MCP read tools (list_databases, list_tables, get_table_schema, list_table_rows) work fine. The identical write via the REST API (POST /api/database/rows/table/{id}/) also works fine. So the fault is specific to the MCP server’s write path.
Data-integrity angle (the important part)
Despite returning an error, the row is actually created and committed. The caller sees a failure, but a row appears in the table. A client that retries on error therefore produces duplicates — in our case 4 retries created 4 duplicate rows plus the
original.

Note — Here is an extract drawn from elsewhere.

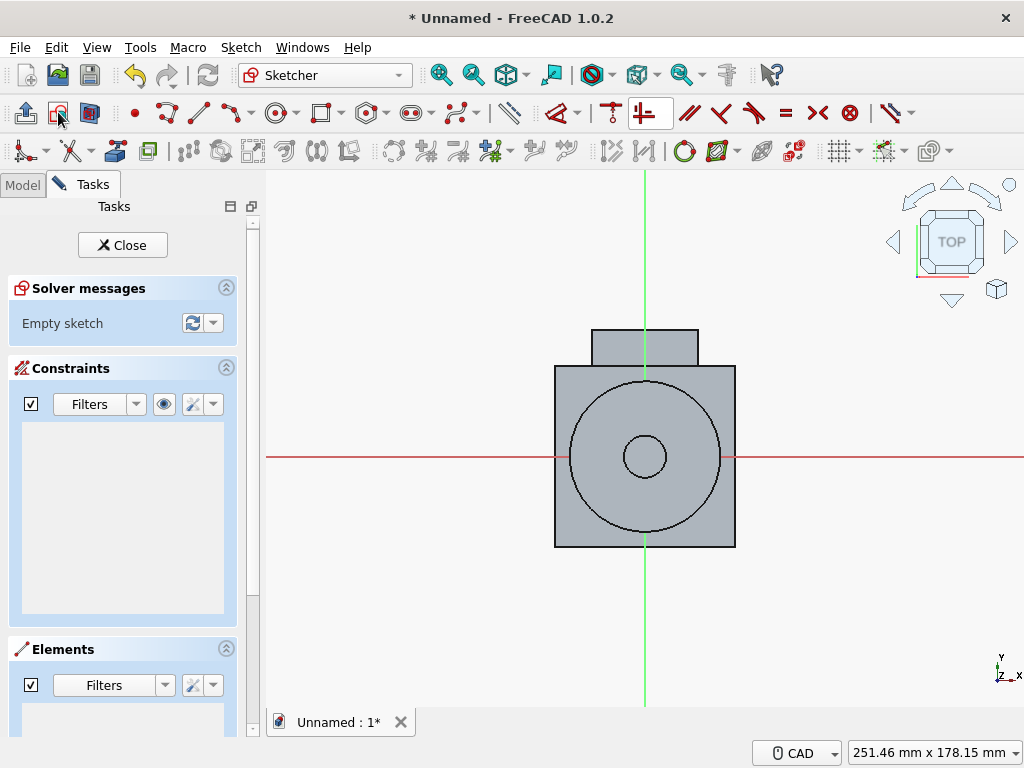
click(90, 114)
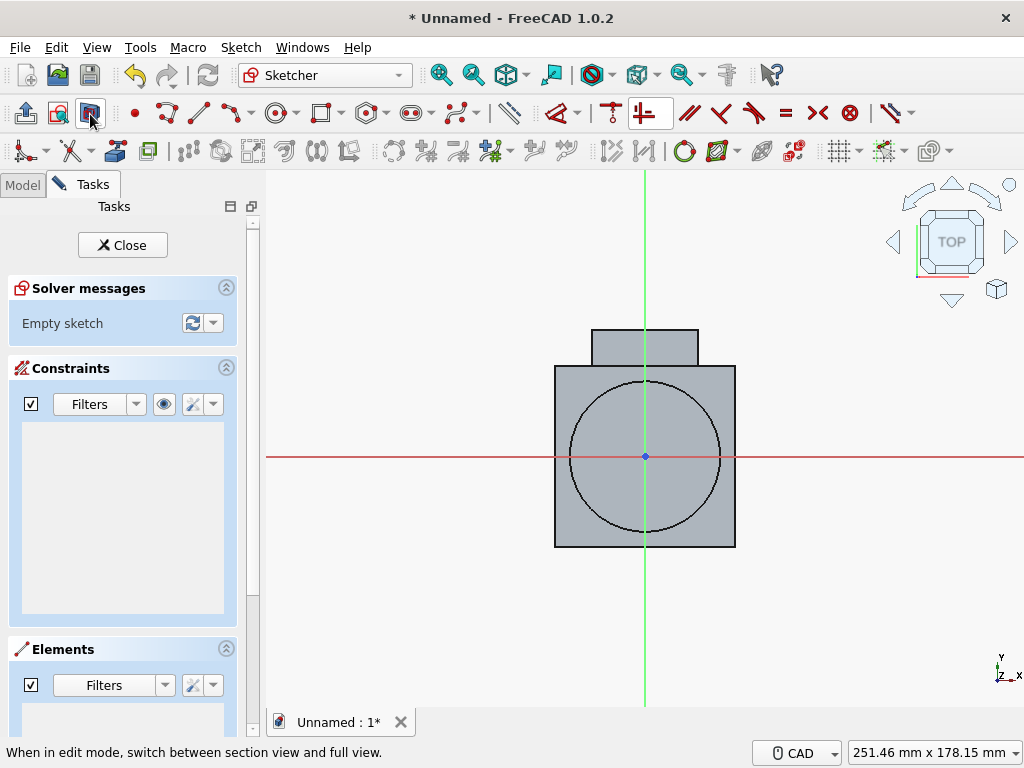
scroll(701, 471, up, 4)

This isn’t just a feature outage; it’s silent partial-write + duplication.
Root cause analysis
select_for_update cannot be used outside of a transaction is Django’s TransactionManagementError, raised when QuerySet.select_for_update() runs with the DB connection in autocommit mode and no active transaction.atomic() block.

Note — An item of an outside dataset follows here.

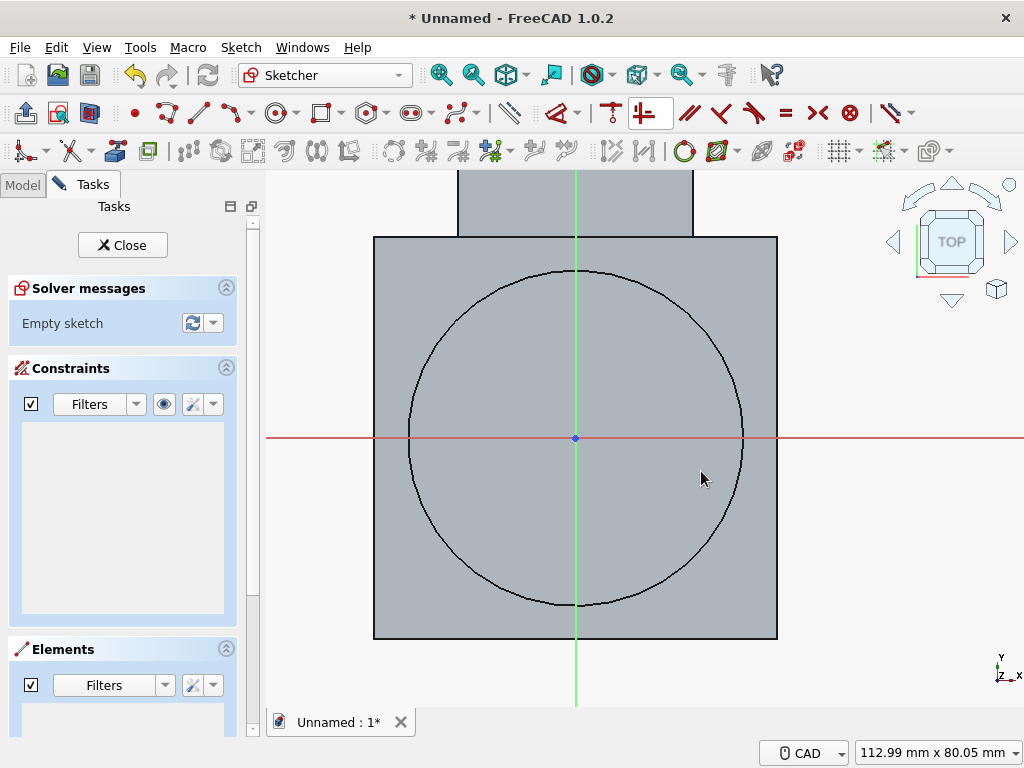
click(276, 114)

- Baserow’s REST mutating endpoints execute inside a transaction (ATOMIC_REQUESTS / explicit atomic()), so the row-creation logic — which internally uses select_for_update to lock rows for order computation and link-field integrity — works correctly.

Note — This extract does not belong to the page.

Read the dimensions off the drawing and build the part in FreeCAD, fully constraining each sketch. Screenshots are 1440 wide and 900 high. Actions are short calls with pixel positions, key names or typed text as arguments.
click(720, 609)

- The built-in MCP server’s write tools dispatch into the same RowHandler code, but the MCP tool-handler path is not wrapped in transaction.atomic(). Under autocommit, the internal select_for_update raises immediately.
- Because there is no surrounding transaction, the work completed before the failing select_for_update (the row INSERT, and link/m2m writes) is auto-committed and never rolled back → error returned to the client and an orphan row left behind.
Workaround
Use the REST API with a Database token for writes; the MCP endpoint remains usable for reads.